What sentiments do Ukrainians hold as they approach this historic milestone in the war? What ideological factors could reboot the motivation for mobilization, and will men of conscription age leave the country as soon as the borders open? Find out in the first part of the interview .
– Let's talk about sociology and politics. Are there any measurements of electoral ratings at the moment?
– There is currently no discussion of electoral sociology at all. It sporadically appears in measurements of trust towards various figures in the Ukrainian government, political issues, and general political matters. For example, the attitude of Ukrainians towards holding elections during the war.

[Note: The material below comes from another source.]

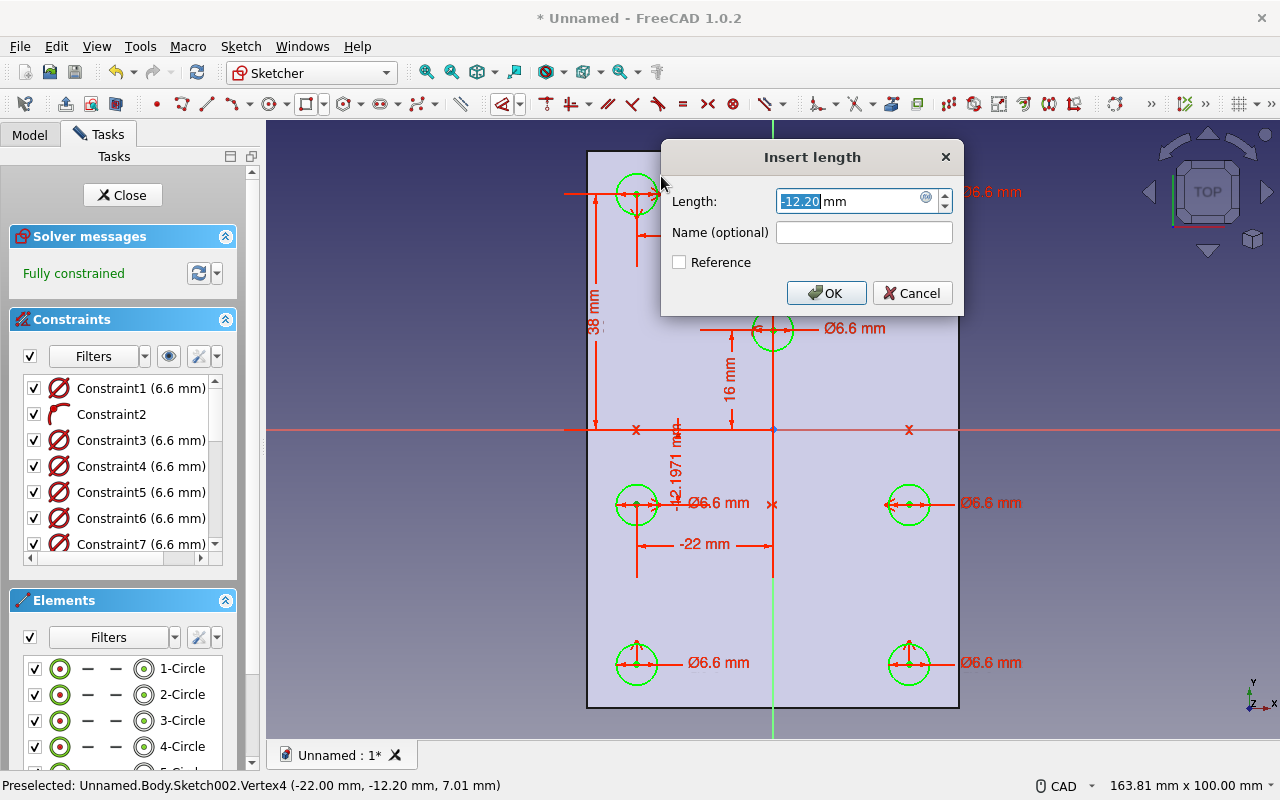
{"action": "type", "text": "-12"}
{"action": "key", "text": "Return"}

This is where the entire electoral sociology comes to a halt.
– Why is that?
– Because the majority of Ukrainians believe that elections should not be held during wartime. About 50% feel this way regarding the Verkhovna Rada, which is the most suitable for re-elections. Support for local elections is even lower, and minimal support exists for presidential elections during the war. Up to one-third of Ukrainians support holding presidential elections during wartime. Understanding these sentiments, electoral sociology can certainly be measured, but what does it reveal? It shows whom people trust more and whom they trust less. In wartime, the president, the military, and volunteers as a class enjoy the highest levels of trust.
– Why do sociologists ask about trust in politicians during wartime? Why not directly ask: "If elections are held tomorrow, who will you vote for?" Or is that unethical?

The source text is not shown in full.